**Exercise directions:**
Please repeat exactly the lines below from the one containing "Rendered at 1164 by 1607 pixels." down to the one containing "List each element's", both included, and nothing else.

**Provided entries:**

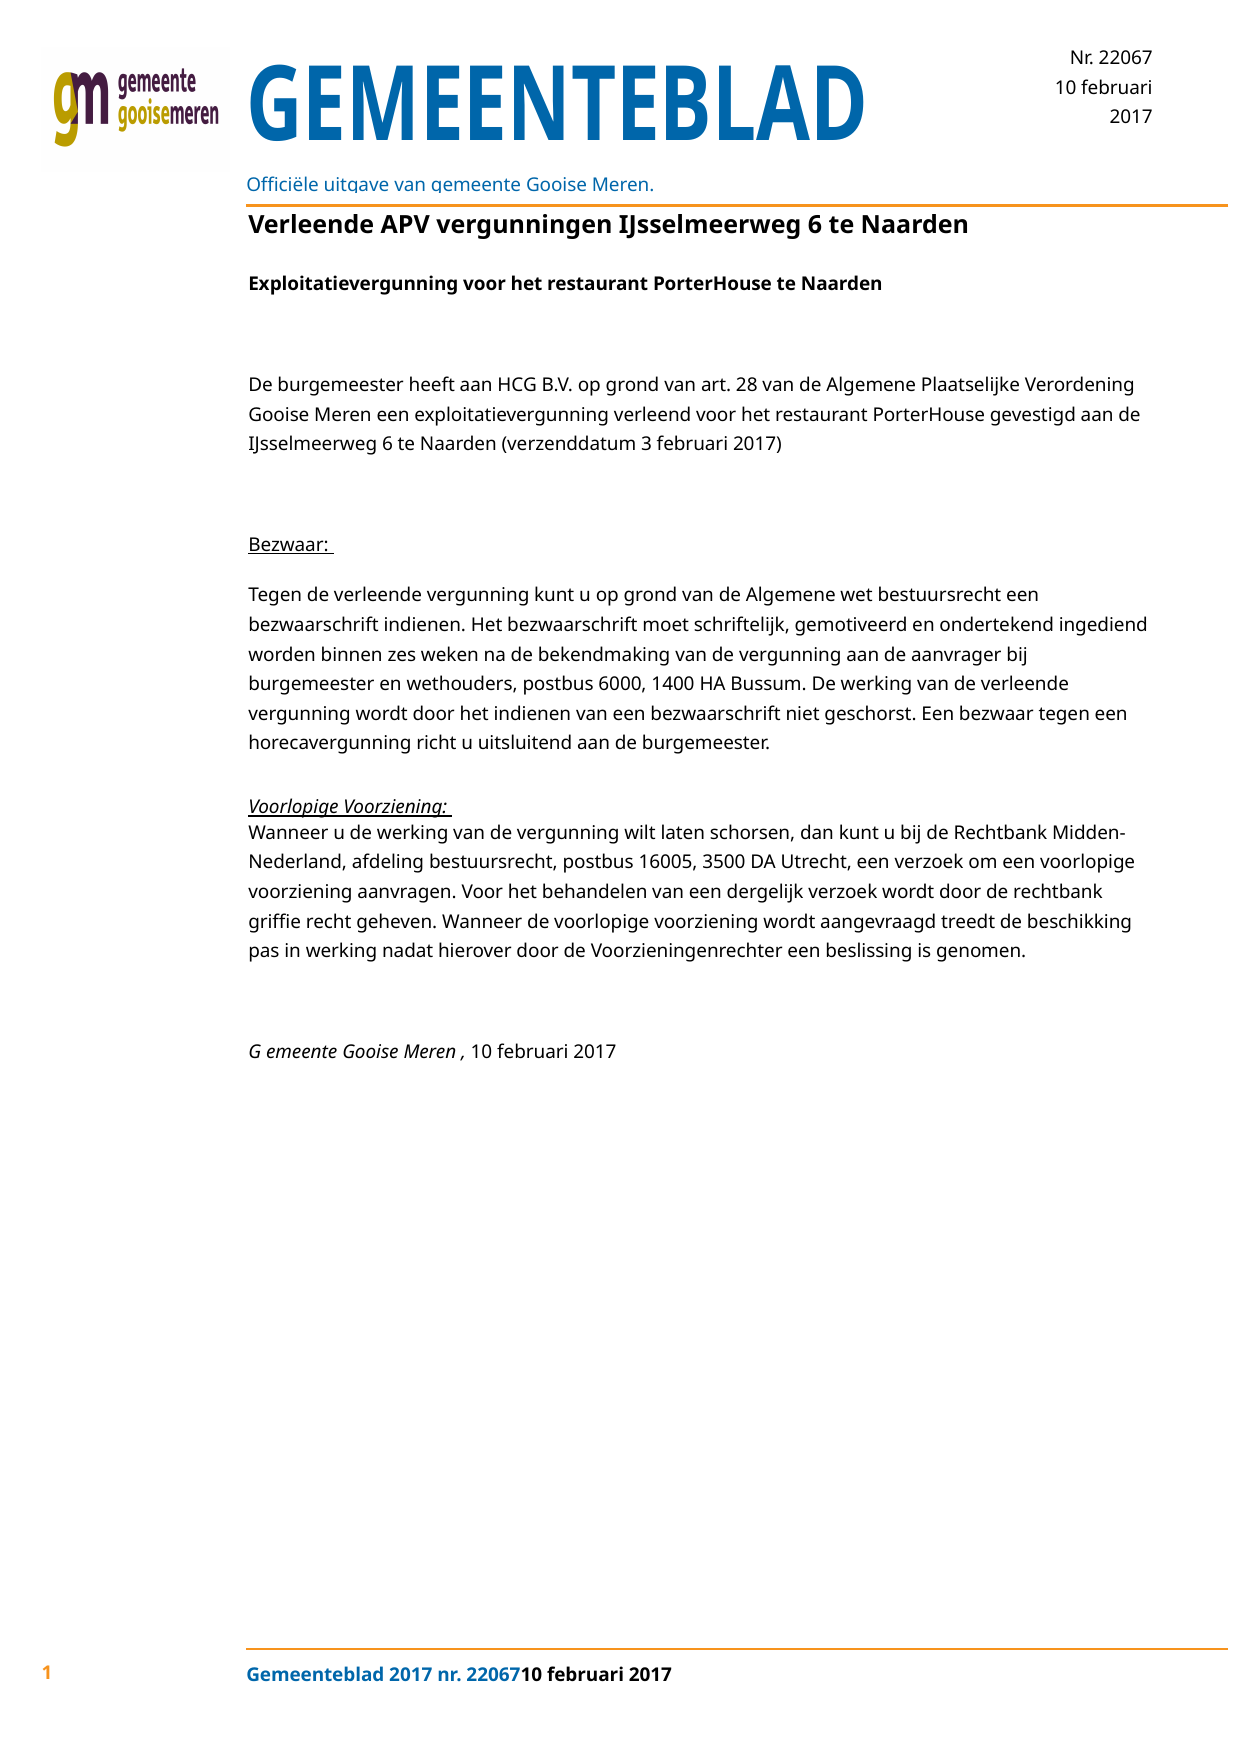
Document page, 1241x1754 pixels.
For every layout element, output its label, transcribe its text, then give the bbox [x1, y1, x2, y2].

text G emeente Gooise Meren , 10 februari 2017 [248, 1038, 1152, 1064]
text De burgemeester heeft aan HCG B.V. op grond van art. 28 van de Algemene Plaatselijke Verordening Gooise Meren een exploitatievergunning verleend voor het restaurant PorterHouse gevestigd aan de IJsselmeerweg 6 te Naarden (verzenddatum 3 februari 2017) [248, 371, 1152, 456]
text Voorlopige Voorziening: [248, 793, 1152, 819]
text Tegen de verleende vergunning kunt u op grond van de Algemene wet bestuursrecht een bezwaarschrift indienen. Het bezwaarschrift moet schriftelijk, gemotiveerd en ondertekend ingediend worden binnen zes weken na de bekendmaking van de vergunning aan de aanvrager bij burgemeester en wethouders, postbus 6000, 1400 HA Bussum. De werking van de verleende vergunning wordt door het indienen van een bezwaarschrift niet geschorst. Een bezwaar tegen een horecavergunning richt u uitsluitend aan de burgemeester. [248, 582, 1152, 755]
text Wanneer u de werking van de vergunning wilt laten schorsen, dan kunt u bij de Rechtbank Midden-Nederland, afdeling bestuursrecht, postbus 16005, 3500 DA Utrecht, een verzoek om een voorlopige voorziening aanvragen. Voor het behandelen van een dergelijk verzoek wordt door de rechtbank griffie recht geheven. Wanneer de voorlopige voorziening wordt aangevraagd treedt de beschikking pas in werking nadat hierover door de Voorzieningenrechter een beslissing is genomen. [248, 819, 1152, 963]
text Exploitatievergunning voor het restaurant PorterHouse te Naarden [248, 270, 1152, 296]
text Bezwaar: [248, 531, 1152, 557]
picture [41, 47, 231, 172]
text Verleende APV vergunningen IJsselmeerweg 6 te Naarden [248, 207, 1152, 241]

--

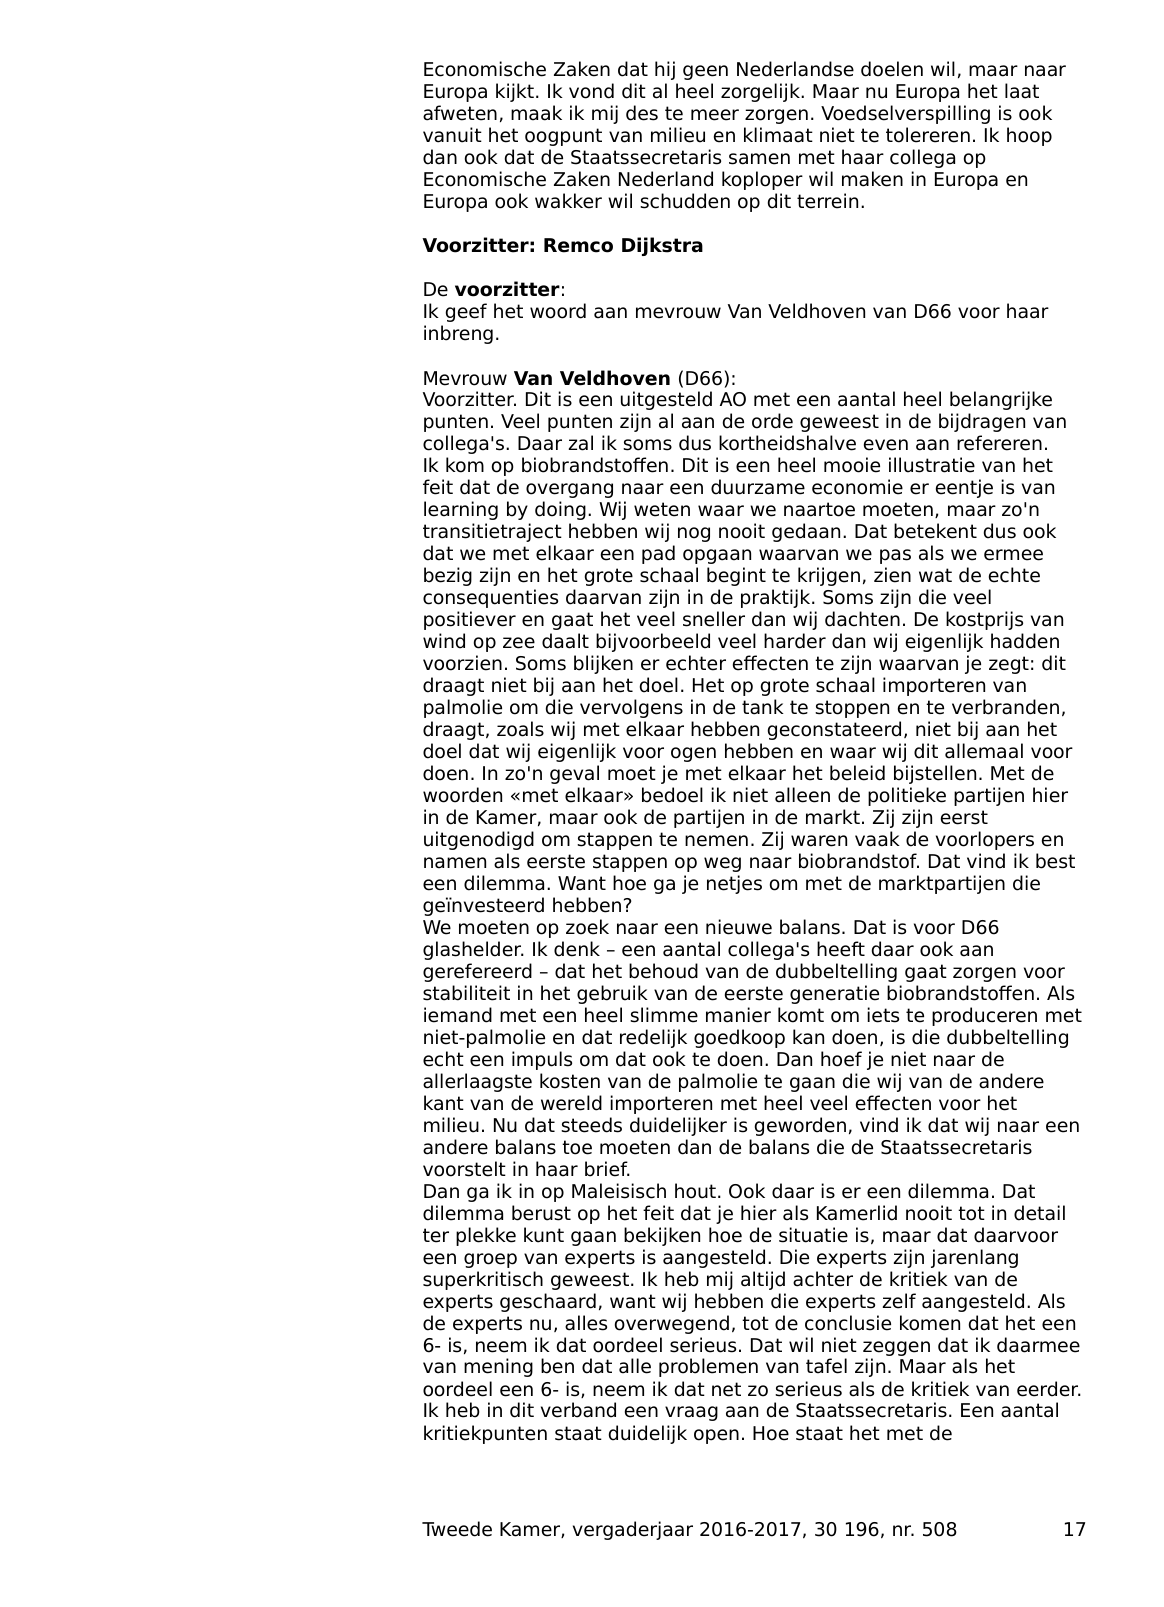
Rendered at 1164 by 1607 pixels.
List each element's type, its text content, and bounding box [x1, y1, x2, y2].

**Finished exercise:**
Rendered at 1164 by 1607 pixels.
List each element's type, its text content, and bounding box [x1, y1, x2, y2].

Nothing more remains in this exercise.